I feel I would be remiss if I did not also demonstrate what happens when you get data results in a notebook. In my case I have a database I can connect to which has WideWorldImporters loaded into it. I am going to select the top 1000 rows from the DimSupplier table. Once I run the code cell, I get the rows affected, the execution time, and a table with results as shown here:

Code cell with data results

As you can see in the results window, you have several export options and a chart option that you can use to further visualize or work with the data that you have retrieved. I would encourage you to explore these options as it depends on the type of data you are working with whether they work well for you or not. For example, supplier data does not chart very well, whereas if I had used fact data there may have been some interesting charting options. A notebook could be a straightforward way to demonstrate some simple reporting for a technically savvy audience.

Wrapping it up

There are many more functions that I did not cover around notebooks, and I assume that Microsoft will continue to make improvements to the overall capabilities here. I look forward to using notebooks more as a terrific way to share code and run demos. I hope you find this as valuable as well.
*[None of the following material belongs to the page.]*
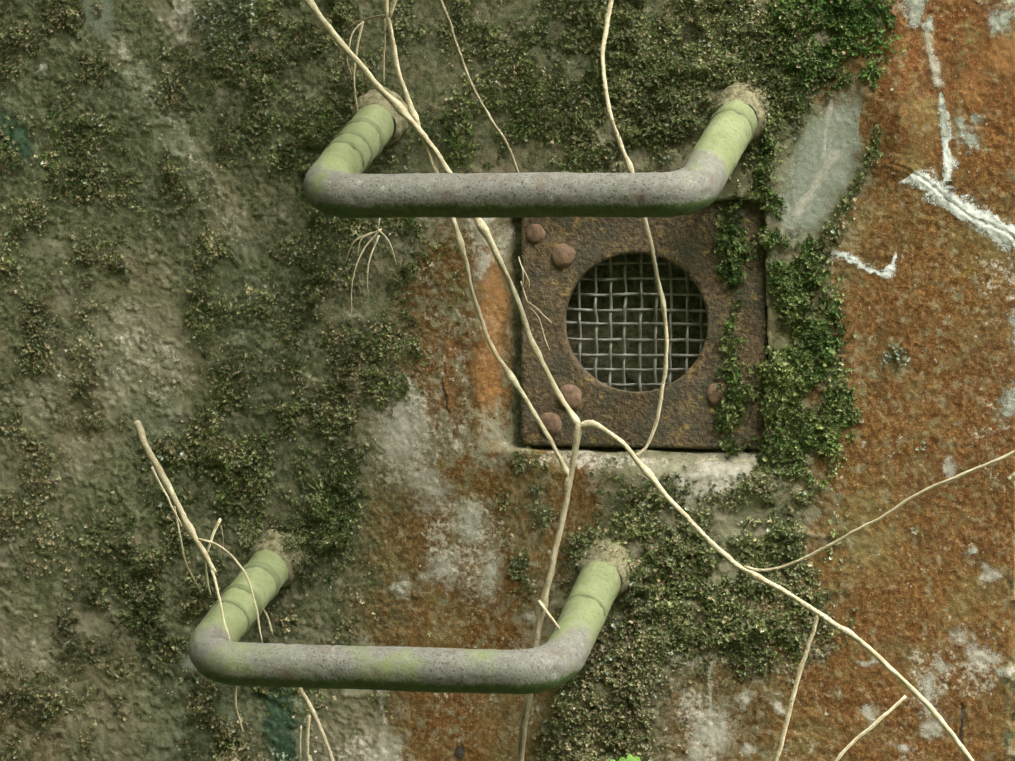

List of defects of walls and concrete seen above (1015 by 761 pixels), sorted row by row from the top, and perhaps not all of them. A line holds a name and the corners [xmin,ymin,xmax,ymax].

crack [901,111,1015,251]
rust [471,260,507,409]

For those of you who are not sure about using notebooks, this is an effective way to build your skills while not trying to learn a new language if you are familiar with SQL. My first exposure was using Python in a Databricks environment. That was much to learn while also trying to understand how notebooks functioned. As the data environment continues to expand and require new skill sets, understanding how to use and leverage notebooks on a regular basis is a good skill to have. Microsoft has done us a great favor by using standard Jupyter notebooks which are used in data science, Databricks, and other areas of data practice.

If you are following my work enablement series, you know one of the things that I am passionate about is simplifying how I work, in order to stay working while continuing to lose functionality in my arms. Notebooks help with this by allowing me to execute code without highlighting it when doing demos. Because highlighting code and executing it in a tool like SQL Server Management Studio requires multiple touches on the keyboard and mouse, I struggle to do it efficiently. The ability to organize my demo around code cells and then have a self-documenting notebook to pass along to attendees is a huge win for me. I hope this helps others who struggle in the same way. And I hope this was helpful to those who have not used or seen notebooks in their current work environment but may in the future.

I will be creating and sharing a completed notebook for the demos related to my presentation on elastic capabilities with Azure SQL. Look for that presentation follow up from the Memphis SQL Saturday in October 2022. I will publish a follow up blog post with a link to the completed notebook used with that demo.